[Task instructions]: What you return should match the entries below exactly, only without the images.

[Listed entries]:

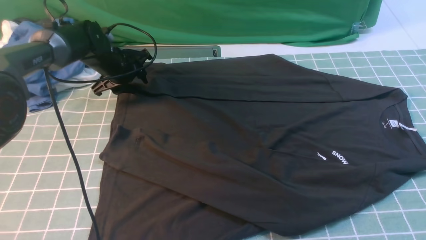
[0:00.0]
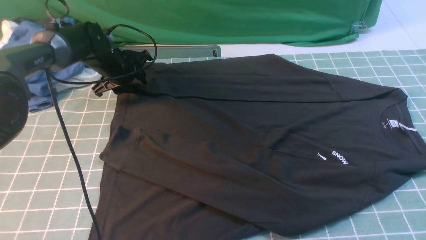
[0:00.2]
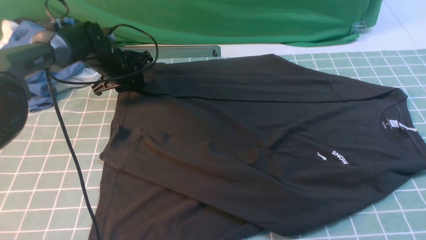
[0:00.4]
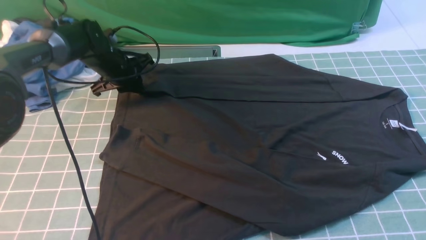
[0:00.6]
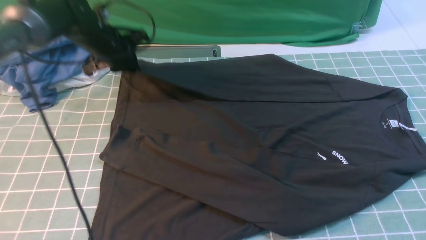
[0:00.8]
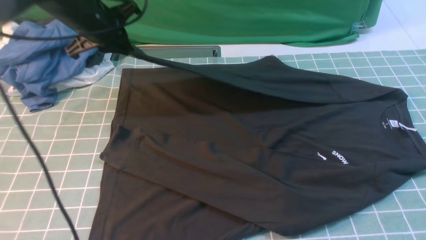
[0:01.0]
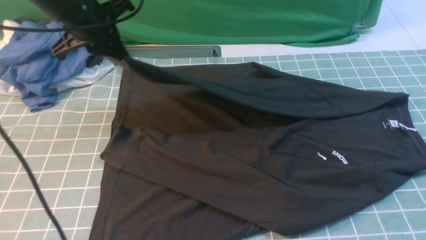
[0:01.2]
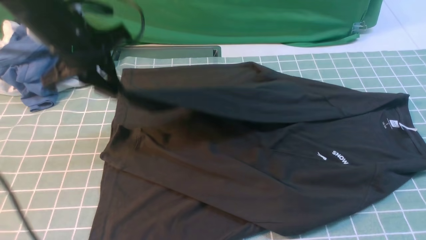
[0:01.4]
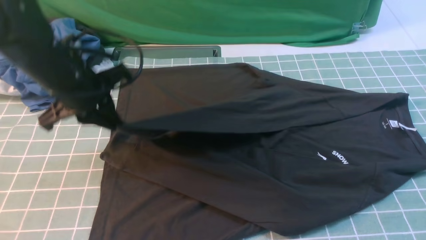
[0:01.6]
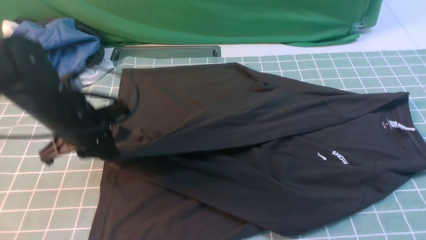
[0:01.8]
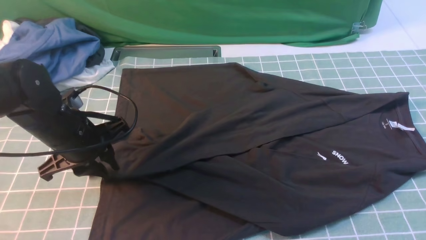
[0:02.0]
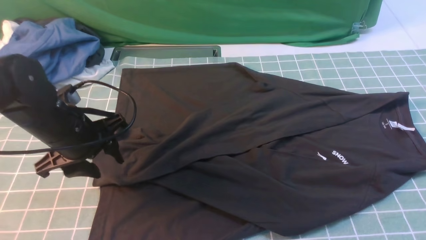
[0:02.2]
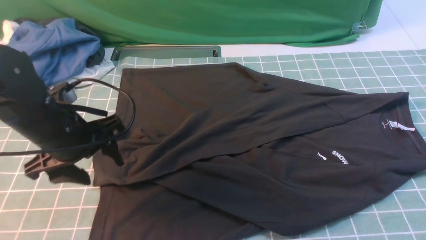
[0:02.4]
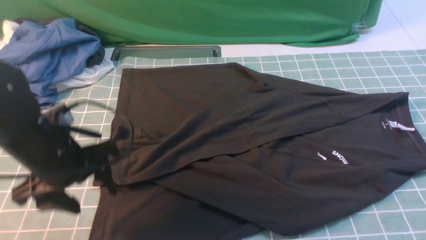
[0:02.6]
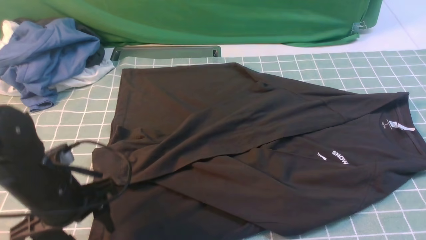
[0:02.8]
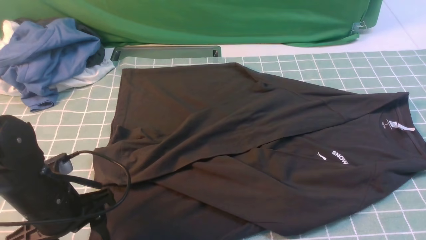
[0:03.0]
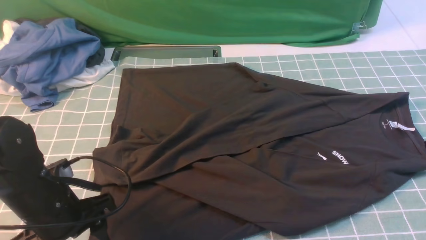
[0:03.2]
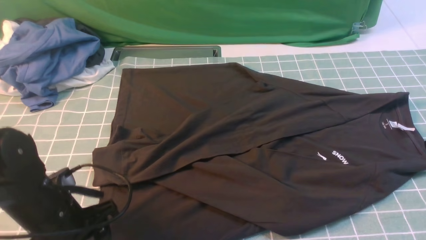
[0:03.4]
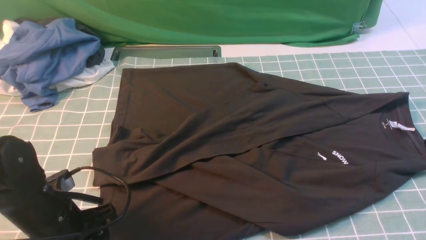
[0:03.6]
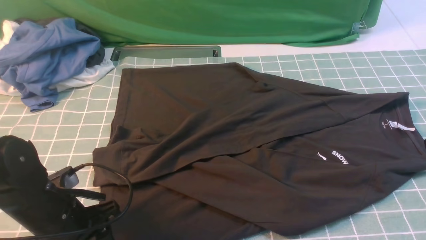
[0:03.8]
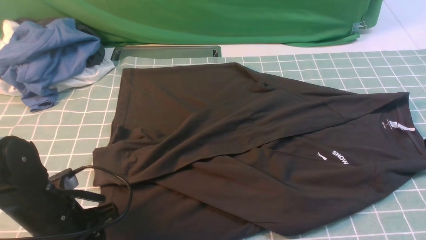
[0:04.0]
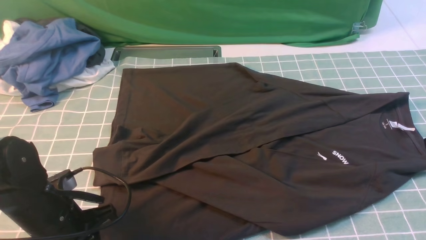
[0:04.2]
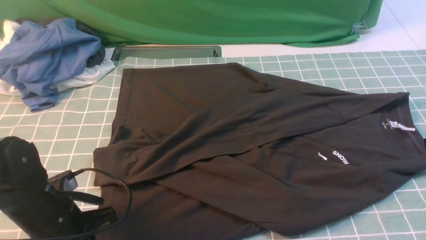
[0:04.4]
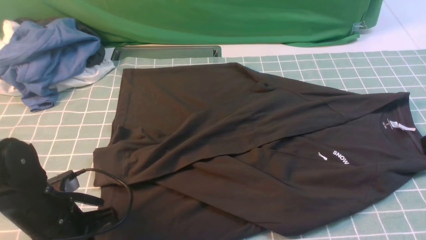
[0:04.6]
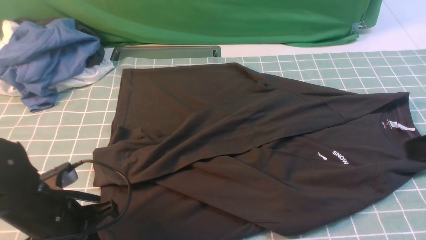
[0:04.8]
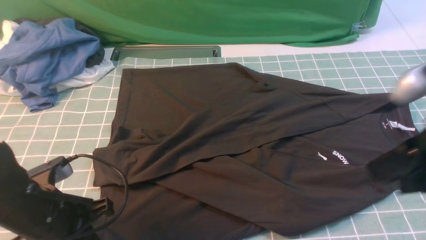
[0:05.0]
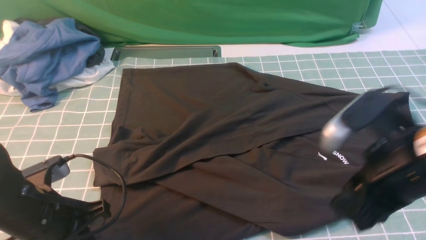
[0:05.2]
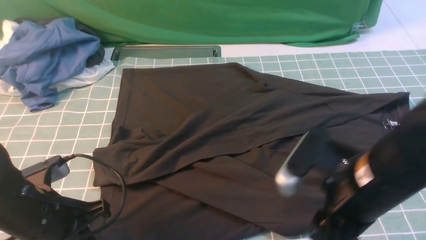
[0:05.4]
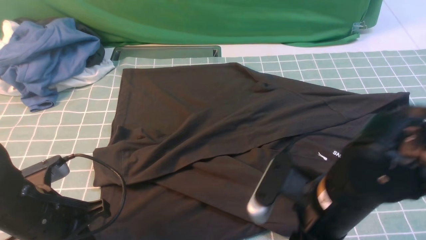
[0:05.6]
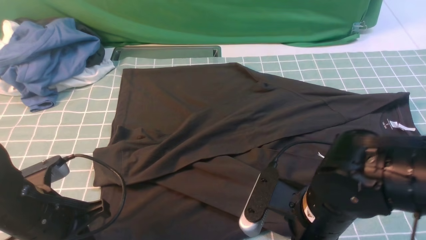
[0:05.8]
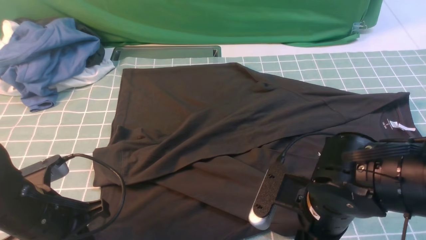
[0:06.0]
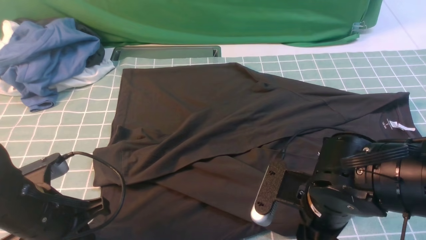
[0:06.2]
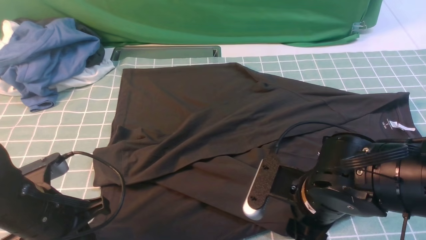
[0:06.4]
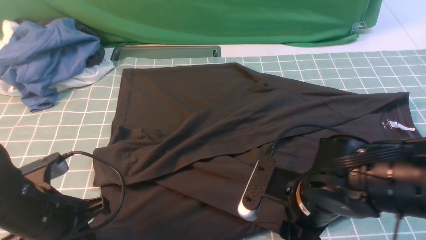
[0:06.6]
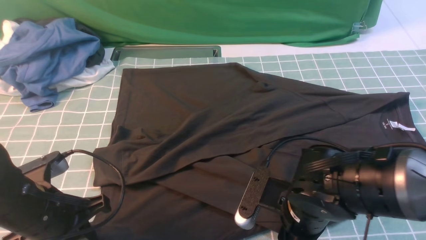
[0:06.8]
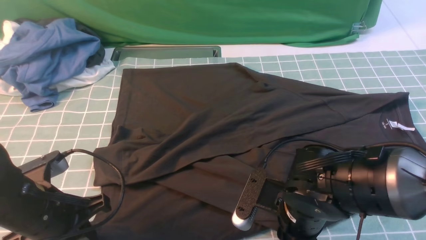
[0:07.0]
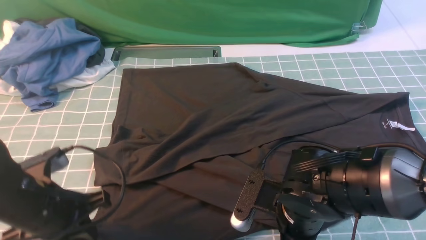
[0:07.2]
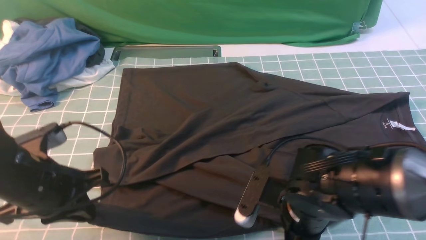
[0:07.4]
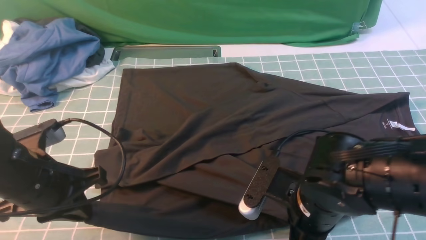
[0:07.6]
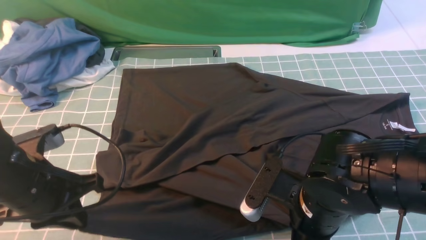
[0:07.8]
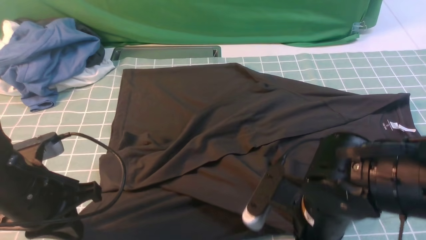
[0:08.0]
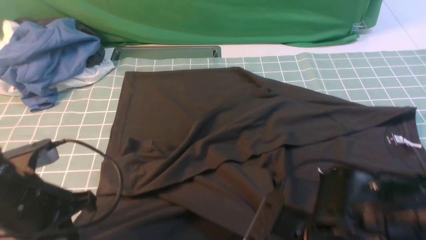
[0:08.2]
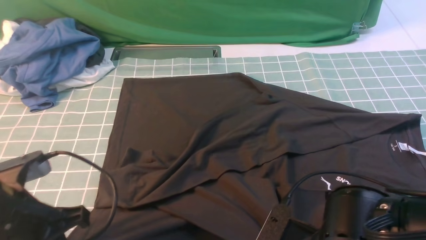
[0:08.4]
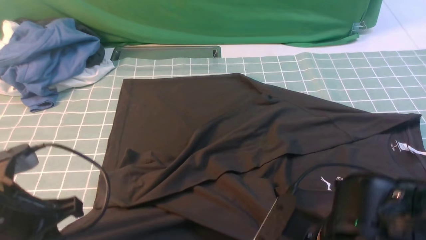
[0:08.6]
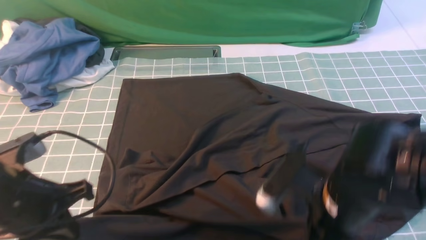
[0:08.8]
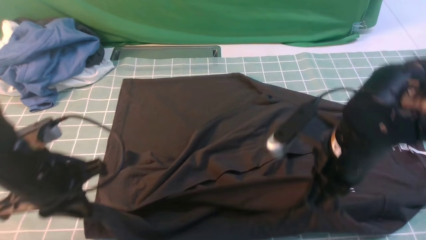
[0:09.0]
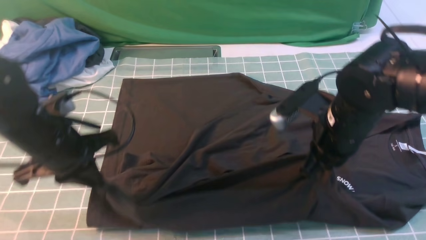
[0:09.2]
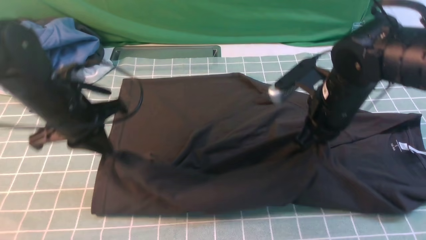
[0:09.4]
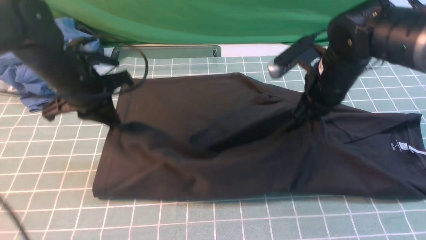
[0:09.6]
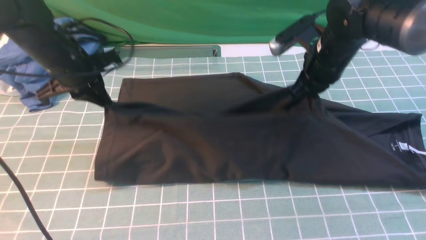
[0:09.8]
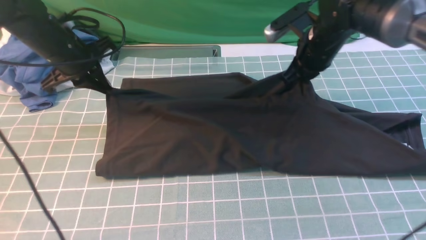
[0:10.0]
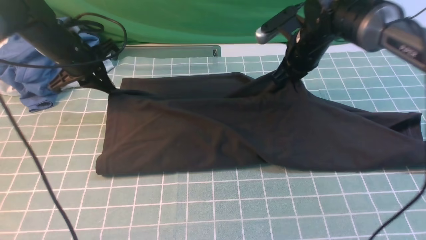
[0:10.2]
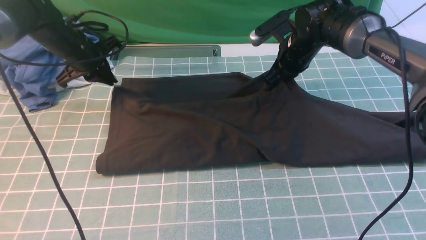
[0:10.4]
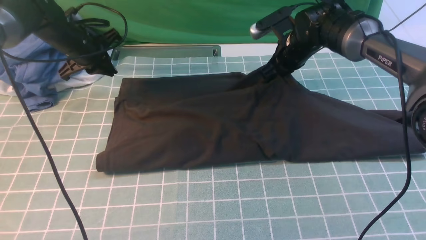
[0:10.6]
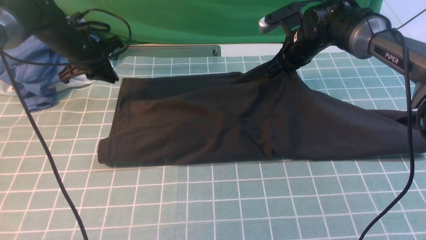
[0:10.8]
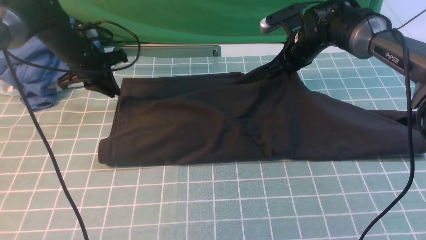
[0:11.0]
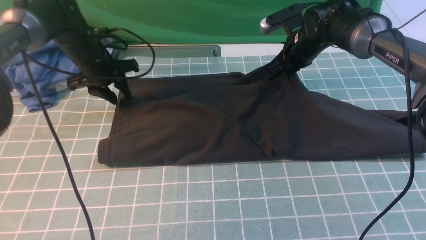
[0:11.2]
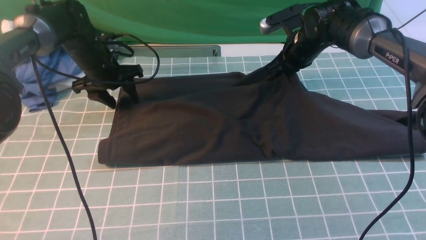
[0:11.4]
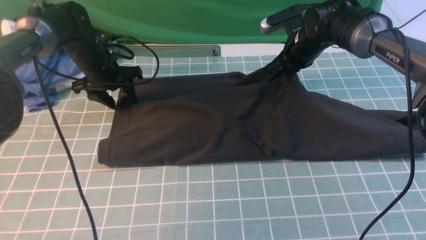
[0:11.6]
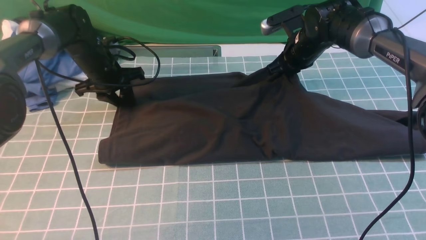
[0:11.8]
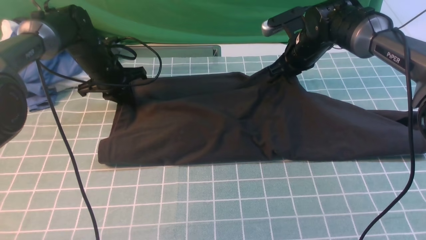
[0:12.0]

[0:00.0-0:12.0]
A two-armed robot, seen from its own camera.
Step, 0:00.8 to 0:02.2: use the left arm to drag and drop the cuff onto the cuff closest to the left arm.
Step, 0:02.4 to 0:07.6: use both arms simultaneously to clamp the lower edge of the clothing fabric.
0:00.0 to 0:01.6: The left gripper shifts some 20 cm backward and upward, and closes.
0:01.6 to 0:03.0: The left gripper goes roughly 15 cm backward and downward, and opens up.
0:03.0 to 0:04.4: The left gripper closes.
0:04.4 to 0:06.0: The right gripper goes some 25 cm to the left and downward, and opens its fingers.
0:06.0 to 0:07.6: The right gripper closes its fingers.
0:07.6 to 0:09.0: The right gripper changes place by approximately 10 cm.
0:09.0 to 0:10.4: Both grippers move forward, roughly 25 cm.
0:10.4 to 0:12.0: The left gripper shifts by some 5 cm, and opens, then closes again.

[Result of this task]:
[0:00.0]
[0:00.2]
[0:00.4]
[0:00.6]
[0:00.8]
[0:01.0]
[0:01.2]
[0:01.4]
[0:01.6]
[0:01.8]
[0:02.0]
[0:02.2]
[0:02.4]
[0:02.6]
[0:02.8]
[0:03.0]
[0:03.2]
[0:03.4]
[0:03.6]
[0:03.8]
[0:04.0]
[0:04.2]
[0:04.4]
[0:04.6]
[0:04.8]
[0:05.0]
[0:05.2]
[0:05.4]
[0:05.6]
[0:05.8]
[0:06.0]
[0:06.2]
[0:06.4]
[0:06.6]
[0:06.8]
[0:07.0]
[0:07.2]
[0:07.4]
[0:07.6]
[0:07.8]
[0:08.0]
[0:08.2]
[0:08.4]
[0:08.6]
[0:08.8]
[0:09.0]
[0:09.2]
[0:09.4]
[0:09.6]
[0:09.8]
[0:10.0]
[0:10.2]
[0:10.4]
[0:10.6]
[0:10.8]
[0:11.0]
[0:11.2]
[0:11.4]
[0:11.6]
[0:11.8]
[0:12.0]

[0:00.0-0:12.0]
A two-armed robot, seen from its own camera.
Step, 0:00.8 to 0:02.2: use the left arm to drag and drop the cuff onto the cuff closest to the left arm.
Step, 0:02.4 to 0:07.6: use both arms simultaneously to clamp the lower edge of the clothing fabric.
0:00.0 to 0:01.6: The left gripper shifts some 20 cm backward and upward, and closes.
0:01.6 to 0:03.0: The left gripper goes roughly 15 cm backward and downward, and opens up.
0:03.0 to 0:04.4: The left gripper closes.
0:04.4 to 0:06.0: The right gripper goes some 25 cm to the left and downward, and opens its fingers.
0:06.0 to 0:07.6: The right gripper closes its fingers.
0:07.6 to 0:09.0: The right gripper changes place by approximately 10 cm.
0:09.0 to 0:10.4: Both grippers move forward, roughly 25 cm.
0:10.4 to 0:12.0: The left gripper shifts by some 5 cm, and opens, then closes again.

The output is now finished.